Moreover, directly using thre_loader to find thresholds would cause test datasets leakage, since thre_loader is built on test_data while not valid_data.

https://github.com/thuml/Anomaly-Transformer/blob/72a71e5f0847bd14ba0253de899f7b0d5ba6ee97/solver.py#L254

https://github.com/thuml/Anomaly-Transformer/blob/72a71e5f0847bd14ba0253de899f7b0d5ba6ee97/data_factory/data_loader.py#L66-L69

wuhaixu2016 commented 2 years ago

Thanks for your question!

Yes, you can split the dataset into three subsets, train, val and test. And then change this dataloader as valid_loader.

In our code, the valid loss only affects the early stop. (1) All the baselines use the same early stop strategy. Fair comparison. (2) All the experiments do not use the early stop at all. All the training processes will continue to the last epoch. Thus, you can view our code as "we use the same hyper-parameters without any extra information from validation set". Fair evaluation.

dqgdqg commented 2 years ago

Thanks for your prompt reply!

In your code, you split the dataset into three subsets: train, val, and test. Actually, only train and test are used in your code, while the valid set is not used at all.
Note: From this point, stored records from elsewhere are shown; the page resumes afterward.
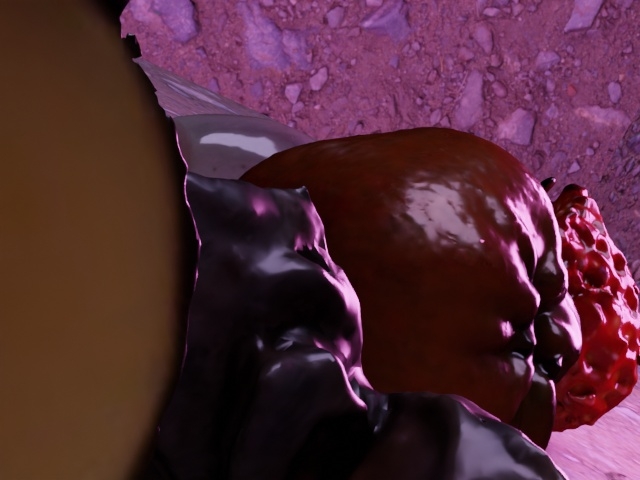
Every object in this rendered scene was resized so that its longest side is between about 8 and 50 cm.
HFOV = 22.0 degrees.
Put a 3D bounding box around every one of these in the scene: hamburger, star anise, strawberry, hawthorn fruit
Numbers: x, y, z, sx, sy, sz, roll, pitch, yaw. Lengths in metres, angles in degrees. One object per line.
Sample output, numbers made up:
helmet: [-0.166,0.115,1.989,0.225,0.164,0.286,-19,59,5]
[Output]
hamburger: [-0.161,0.012,0.471,0.149,0.237,0.237,4,-10,40]
star anise: [-0.003,0.082,0.625,0.315,0.108,0.315,39,-24,21]
strawberry: [0.184,0.075,1.406,0.178,0.234,0.234,51,7,-2]
hawthorn fruit: [0.018,0.039,0.945,0.261,0.224,0.224,13,-2,32]

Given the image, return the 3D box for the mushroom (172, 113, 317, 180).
mushroom: [0.000,0.000,1.191,0.329,0.159,0.122,8,-3,-42]
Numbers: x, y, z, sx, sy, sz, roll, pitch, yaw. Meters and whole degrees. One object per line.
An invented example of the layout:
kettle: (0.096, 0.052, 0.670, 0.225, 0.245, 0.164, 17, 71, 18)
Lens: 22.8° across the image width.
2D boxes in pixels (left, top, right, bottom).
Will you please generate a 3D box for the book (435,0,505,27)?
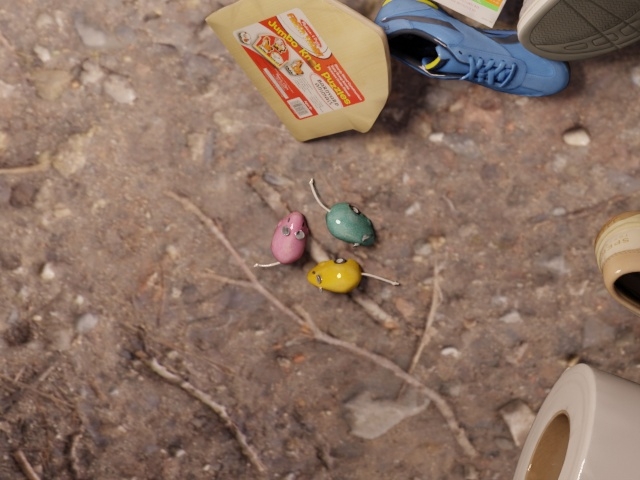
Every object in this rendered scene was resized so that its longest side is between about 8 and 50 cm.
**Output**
book: (0.156, -0.293, 1.550, 0.096, 0.035, 0.144, 23, 122, -4)

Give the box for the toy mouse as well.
toy mouse: (0.000, 0.000, 1.753, 0.161, 0.031, 0.143, -2, 122, 8)

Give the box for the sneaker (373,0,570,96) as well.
sneaker: (0.150, -0.179, 1.590, 0.209, 0.082, 0.069, 20, 128, -7)

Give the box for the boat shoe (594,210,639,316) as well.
boat shoe: (0.449, 0.088, 1.707, 0.341, 0.110, 0.122, 22, 122, -7)

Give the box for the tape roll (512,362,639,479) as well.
tape roll: (0.326, 0.277, 1.763, 0.169, 0.246, 0.246, 19, 122, -6)

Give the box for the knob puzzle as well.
knob puzzle: (-0.001, -0.190, 1.603, 0.213, 0.030, 0.213, 22, 143, 18)

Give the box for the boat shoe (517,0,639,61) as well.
boat shoe: (0.313, -0.291, 1.504, 0.118, 0.103, 0.320, 24, 130, -31)
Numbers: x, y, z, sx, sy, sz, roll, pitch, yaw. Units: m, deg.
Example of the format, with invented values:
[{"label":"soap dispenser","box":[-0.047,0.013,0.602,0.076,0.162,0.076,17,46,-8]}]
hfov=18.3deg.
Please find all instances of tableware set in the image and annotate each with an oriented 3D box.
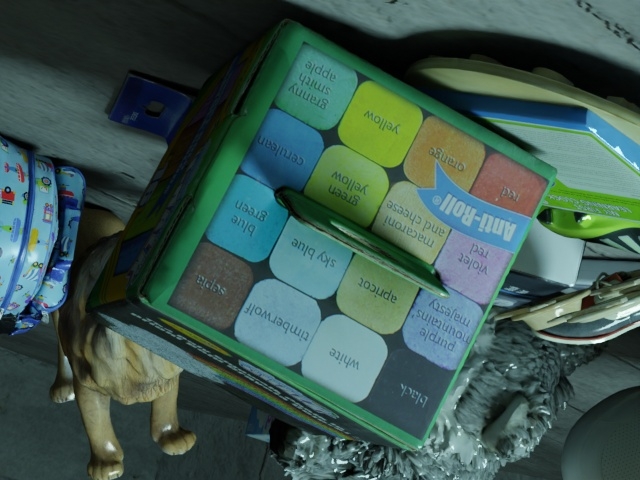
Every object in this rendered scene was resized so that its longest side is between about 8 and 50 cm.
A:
[{"label":"tableware set","box":[0.200,0.028,1.288,0.168,0.020,0.141,-19,180,-31]}]

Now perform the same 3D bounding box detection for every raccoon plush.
[{"label":"raccoon plush","box":[0.166,0.180,1.801,0.299,0.216,0.446,4,153,39]}]

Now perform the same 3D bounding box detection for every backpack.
[{"label":"backpack","box":[-0.259,-0.008,1.649,0.117,0.158,0.173,13,161,-17]}]

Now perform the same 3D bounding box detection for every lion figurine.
[{"label":"lion figurine","box":[-0.193,0.055,1.797,0.142,0.240,0.392,-15,-155,-21]}]

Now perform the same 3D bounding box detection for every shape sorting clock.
[{"label":"shape sorting clock","box":[0.143,-0.056,1.104,0.206,0.040,0.206,25,169,5]}]

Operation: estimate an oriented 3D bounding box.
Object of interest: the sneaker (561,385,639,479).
[{"label":"sneaker","box":[0.365,0.172,1.738,0.292,0.108,0.169,-11,-178,-32]}]

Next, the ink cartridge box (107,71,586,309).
[{"label":"ink cartridge box","box":[0.008,-0.028,1.397,0.332,0.065,0.165,17,171,-7]}]

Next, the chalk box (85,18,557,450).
[{"label":"chalk box","box":[0.000,0.000,1.125,0.180,0.179,0.289,29,169,-12]}]

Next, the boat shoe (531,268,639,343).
[{"label":"boat shoe","box":[0.214,0.039,1.400,0.137,0.043,0.049,-9,-146,-1]}]

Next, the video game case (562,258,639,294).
[{"label":"video game case","box":[0.297,0.052,1.537,0.183,0.023,0.201,22,167,-38]}]

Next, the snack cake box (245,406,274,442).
[{"label":"snack cake box","box":[0.014,0.143,2.069,0.089,0.152,0.264,18,169,-17]}]

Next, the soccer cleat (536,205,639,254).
[{"label":"soccer cleat","box":[0.216,-0.013,1.220,0.179,0.060,0.072,14,-178,38]}]
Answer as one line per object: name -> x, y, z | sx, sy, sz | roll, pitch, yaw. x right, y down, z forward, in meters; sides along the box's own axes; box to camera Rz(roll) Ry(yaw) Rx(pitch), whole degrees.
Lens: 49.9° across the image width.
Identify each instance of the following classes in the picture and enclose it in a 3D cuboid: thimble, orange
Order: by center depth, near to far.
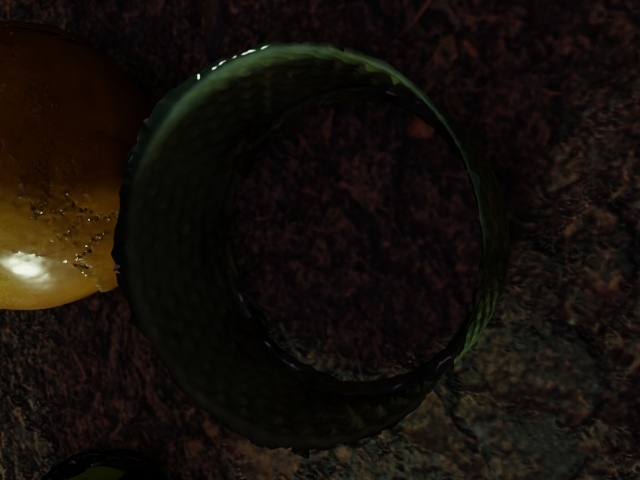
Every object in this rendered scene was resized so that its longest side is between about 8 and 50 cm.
thimble -> 0.000, 0.000, 0.509 | 0.271, 0.150, 0.270 | 1, 92, 23
orange -> -0.242, -0.060, 0.566 | 0.240, 0.240, 0.239 | 1, 93, 23

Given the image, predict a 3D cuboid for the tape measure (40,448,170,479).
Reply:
tape measure -> -0.204, 0.293, 0.633 | 0.199, 0.112, 0.186 | 43, 105, 15
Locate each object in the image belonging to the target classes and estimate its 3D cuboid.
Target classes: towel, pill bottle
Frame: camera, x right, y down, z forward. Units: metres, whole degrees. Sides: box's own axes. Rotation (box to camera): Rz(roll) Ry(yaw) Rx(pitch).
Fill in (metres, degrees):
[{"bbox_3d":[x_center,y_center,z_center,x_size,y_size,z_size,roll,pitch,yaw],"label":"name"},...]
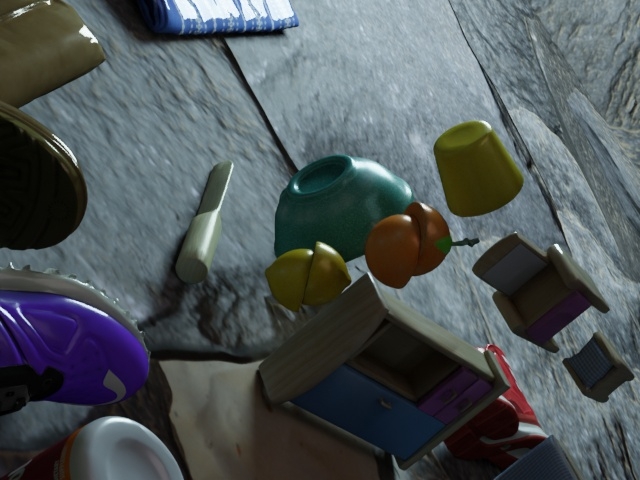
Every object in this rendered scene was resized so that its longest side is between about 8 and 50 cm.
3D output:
[{"bbox_3d":[-0.137,-0.345,1.482,0.336,0.040,0.243,-22,90,-64],"label":"towel"},{"bbox_3d":[-0.156,0.169,0.771,0.086,0.152,0.086,41,30,-30],"label":"pill bottle"}]

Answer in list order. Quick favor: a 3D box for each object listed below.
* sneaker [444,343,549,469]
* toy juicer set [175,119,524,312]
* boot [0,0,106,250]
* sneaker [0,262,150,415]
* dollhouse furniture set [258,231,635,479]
[{"bbox_3d":[0.165,0.166,1.448,0.221,0.087,0.128,43,18,-53],"label":"sneaker"},{"bbox_3d":[0.000,0.000,1.163,0.209,0.329,0.089,-56,130,-41],"label":"toy juicer set"},{"bbox_3d":[-0.221,-0.108,0.955,0.236,0.089,0.269,25,26,7],"label":"boot"},{"bbox_3d":[-0.229,0.083,0.821,0.293,0.102,0.146,26,46,-42],"label":"sneaker"},{"bbox_3d":[0.133,0.178,1.115,0.198,0.286,0.303,32,24,-41],"label":"dollhouse furniture set"}]
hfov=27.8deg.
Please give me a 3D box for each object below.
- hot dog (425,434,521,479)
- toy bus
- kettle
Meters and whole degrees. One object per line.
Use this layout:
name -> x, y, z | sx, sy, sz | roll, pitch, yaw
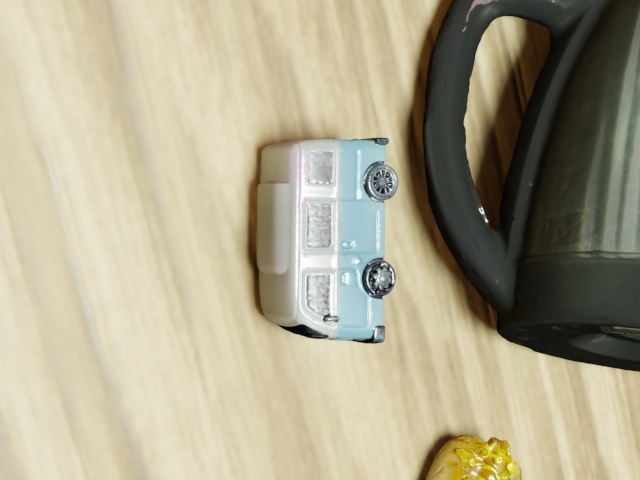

What's my concern is that the validation, the testing and the threshold selection are all evaluated on the test set in your code. It would be better if the validation and the threshold selection are evaluated on the valid set or whatever set not overlapped with the test set.

Please correct me if I misunderstood. Thanks.

wuhaixu2016 commented 2 years ago

Yes, you are right. It is better if the validation and the threshold selection are evaluated on the validation set. You can re-split the train set that we used for train and valid sets.

(1) Since our paper focuses on unsupervised settings, we merge train and valid at last to enlarge the dataset. (2) You can also select the threshold on the train set. Actually, the final results will be the same whatever which subset you used for threshold selection.

dqgdqg commented 2 years ago

Thanks for your explanation.